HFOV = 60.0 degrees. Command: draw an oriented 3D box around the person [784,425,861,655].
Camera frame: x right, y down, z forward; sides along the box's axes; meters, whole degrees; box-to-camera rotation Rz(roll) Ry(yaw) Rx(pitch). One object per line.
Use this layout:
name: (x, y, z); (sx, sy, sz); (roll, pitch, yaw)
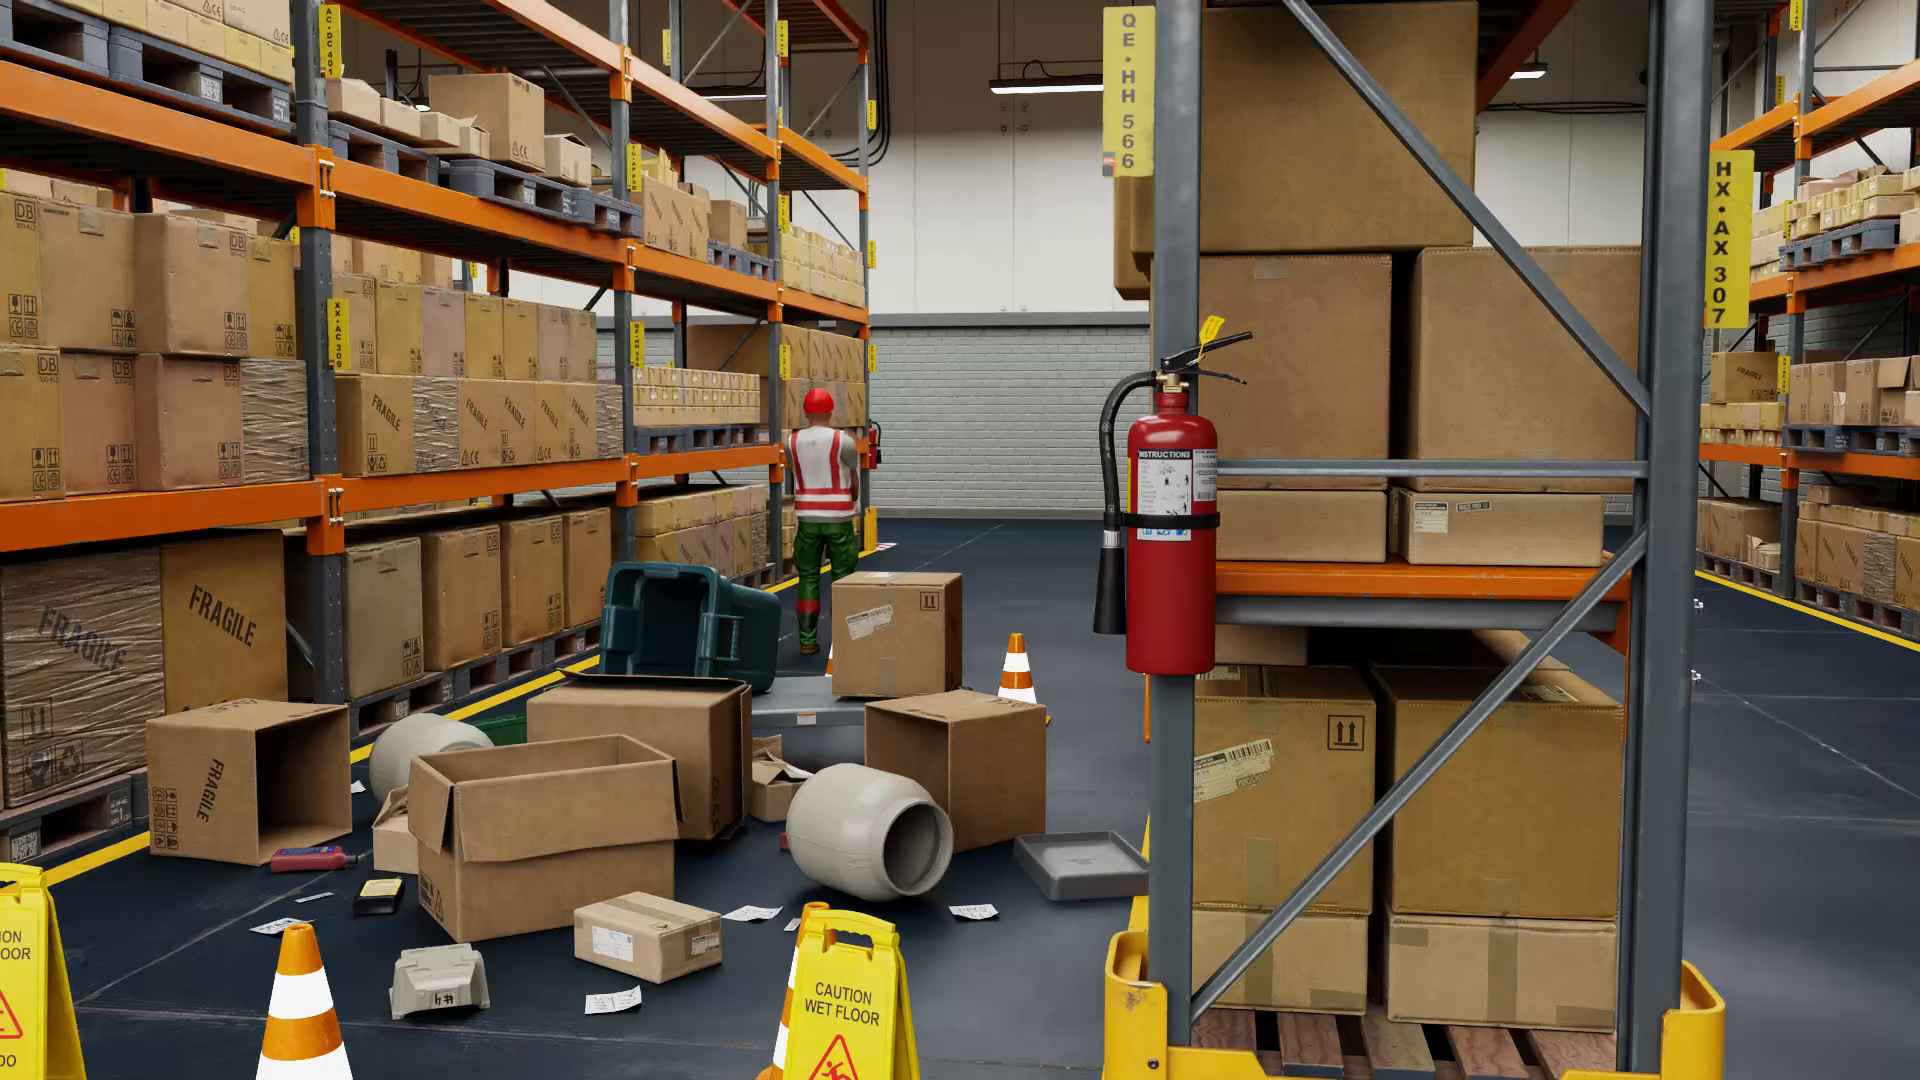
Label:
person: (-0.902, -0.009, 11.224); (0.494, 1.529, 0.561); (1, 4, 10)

○ ○ ○ ○ ○

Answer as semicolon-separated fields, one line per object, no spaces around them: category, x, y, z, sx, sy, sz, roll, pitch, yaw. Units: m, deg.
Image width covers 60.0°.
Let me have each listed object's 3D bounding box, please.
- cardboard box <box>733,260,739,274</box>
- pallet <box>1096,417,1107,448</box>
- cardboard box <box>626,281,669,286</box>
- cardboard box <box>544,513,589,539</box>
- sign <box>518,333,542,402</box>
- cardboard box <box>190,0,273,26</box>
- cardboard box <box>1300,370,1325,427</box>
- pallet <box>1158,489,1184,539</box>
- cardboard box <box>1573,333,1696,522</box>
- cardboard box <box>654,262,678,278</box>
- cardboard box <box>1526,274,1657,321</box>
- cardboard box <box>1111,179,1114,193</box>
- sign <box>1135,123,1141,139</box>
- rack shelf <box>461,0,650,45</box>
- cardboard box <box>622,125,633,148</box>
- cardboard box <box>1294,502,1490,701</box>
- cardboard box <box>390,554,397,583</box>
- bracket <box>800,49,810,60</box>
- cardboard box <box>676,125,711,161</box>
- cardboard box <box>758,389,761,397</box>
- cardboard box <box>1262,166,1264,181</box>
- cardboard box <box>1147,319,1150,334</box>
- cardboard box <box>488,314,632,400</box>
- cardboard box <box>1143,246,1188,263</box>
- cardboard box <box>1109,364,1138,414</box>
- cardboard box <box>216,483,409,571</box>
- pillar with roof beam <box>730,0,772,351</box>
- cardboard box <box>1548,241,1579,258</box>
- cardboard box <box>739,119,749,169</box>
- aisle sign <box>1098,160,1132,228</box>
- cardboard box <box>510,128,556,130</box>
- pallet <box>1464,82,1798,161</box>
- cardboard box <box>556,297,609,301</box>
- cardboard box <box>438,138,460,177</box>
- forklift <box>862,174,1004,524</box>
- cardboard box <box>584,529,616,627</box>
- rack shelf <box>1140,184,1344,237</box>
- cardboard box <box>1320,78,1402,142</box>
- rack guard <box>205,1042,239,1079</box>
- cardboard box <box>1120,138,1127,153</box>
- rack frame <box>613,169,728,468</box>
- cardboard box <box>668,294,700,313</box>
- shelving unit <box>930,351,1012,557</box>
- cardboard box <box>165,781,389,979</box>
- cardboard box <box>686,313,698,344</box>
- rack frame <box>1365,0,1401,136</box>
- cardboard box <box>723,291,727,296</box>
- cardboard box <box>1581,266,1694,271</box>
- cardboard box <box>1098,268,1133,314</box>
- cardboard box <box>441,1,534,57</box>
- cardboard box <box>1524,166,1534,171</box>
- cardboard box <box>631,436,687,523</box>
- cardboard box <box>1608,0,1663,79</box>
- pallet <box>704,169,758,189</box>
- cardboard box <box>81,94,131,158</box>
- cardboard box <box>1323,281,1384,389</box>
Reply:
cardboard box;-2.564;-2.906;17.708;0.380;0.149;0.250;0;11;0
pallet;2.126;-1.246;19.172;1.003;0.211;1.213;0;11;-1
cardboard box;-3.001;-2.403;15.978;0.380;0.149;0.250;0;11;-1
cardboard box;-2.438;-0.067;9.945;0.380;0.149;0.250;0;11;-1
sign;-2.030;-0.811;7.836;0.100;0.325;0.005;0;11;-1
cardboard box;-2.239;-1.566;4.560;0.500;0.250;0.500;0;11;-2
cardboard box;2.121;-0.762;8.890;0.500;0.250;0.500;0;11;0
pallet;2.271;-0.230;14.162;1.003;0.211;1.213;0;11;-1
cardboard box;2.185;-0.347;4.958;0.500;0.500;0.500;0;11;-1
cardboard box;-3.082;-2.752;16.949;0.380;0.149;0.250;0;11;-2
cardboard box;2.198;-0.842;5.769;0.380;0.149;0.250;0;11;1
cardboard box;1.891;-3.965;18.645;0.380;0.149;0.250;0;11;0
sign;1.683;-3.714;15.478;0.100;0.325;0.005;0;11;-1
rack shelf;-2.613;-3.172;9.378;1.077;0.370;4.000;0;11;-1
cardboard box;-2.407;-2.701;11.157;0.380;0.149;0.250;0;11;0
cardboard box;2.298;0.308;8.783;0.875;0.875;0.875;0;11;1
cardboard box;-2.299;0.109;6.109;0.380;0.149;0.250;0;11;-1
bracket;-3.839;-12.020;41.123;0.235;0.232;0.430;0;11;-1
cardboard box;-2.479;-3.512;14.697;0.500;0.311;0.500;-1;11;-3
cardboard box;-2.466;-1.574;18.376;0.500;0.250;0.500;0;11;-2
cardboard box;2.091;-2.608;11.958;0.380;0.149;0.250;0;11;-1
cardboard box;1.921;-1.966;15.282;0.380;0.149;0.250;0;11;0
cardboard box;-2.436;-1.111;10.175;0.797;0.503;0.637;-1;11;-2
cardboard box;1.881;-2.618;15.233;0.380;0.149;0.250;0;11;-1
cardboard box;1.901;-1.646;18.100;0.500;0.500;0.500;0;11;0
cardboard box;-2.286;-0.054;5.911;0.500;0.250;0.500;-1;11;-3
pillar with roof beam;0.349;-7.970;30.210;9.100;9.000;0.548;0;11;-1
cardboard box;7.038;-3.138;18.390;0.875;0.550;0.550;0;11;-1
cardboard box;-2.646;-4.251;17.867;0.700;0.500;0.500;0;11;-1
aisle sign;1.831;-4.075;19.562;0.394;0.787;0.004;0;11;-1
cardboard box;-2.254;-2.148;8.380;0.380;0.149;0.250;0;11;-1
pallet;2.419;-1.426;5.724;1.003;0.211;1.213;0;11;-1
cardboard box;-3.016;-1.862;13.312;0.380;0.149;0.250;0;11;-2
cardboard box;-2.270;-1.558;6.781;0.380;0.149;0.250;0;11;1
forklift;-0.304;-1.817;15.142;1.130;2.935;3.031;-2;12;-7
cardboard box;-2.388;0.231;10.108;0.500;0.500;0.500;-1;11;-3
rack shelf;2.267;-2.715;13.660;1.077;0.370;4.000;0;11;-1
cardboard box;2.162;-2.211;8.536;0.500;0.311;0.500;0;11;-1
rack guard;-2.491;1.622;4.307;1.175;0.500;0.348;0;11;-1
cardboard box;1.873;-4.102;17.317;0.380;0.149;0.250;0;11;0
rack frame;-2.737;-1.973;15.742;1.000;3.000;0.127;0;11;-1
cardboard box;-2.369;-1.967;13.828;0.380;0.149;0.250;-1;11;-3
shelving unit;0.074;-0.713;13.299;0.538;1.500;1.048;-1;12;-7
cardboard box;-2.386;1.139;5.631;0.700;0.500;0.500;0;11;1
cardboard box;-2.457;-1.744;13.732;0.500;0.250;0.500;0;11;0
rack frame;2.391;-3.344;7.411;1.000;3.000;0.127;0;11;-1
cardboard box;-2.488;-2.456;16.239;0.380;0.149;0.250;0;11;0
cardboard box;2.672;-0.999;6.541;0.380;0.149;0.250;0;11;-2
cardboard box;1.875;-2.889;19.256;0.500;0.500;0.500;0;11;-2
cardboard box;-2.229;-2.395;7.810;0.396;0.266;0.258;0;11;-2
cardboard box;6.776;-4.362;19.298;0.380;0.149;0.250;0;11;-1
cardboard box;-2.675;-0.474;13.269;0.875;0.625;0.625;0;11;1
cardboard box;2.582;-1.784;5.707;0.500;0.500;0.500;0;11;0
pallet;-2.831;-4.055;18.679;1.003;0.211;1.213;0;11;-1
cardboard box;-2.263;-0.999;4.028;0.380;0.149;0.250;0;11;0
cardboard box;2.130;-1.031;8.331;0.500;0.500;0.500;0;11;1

○ ○ ○ ○ ○

● **THE PROBLEM**: In the entries above, find each line with the word "around" and copy it.

● **TASK SOLUTION**:
HFOV = 60.0 degrees. Command: draw an oriented 3D box around the person [784,425,861,655].
Answer as semicolon-separated fields, one line per object, no spaces around them: category, x, y, z, sx, sy, sz, roll, pitch, yaw. Units: m, deg.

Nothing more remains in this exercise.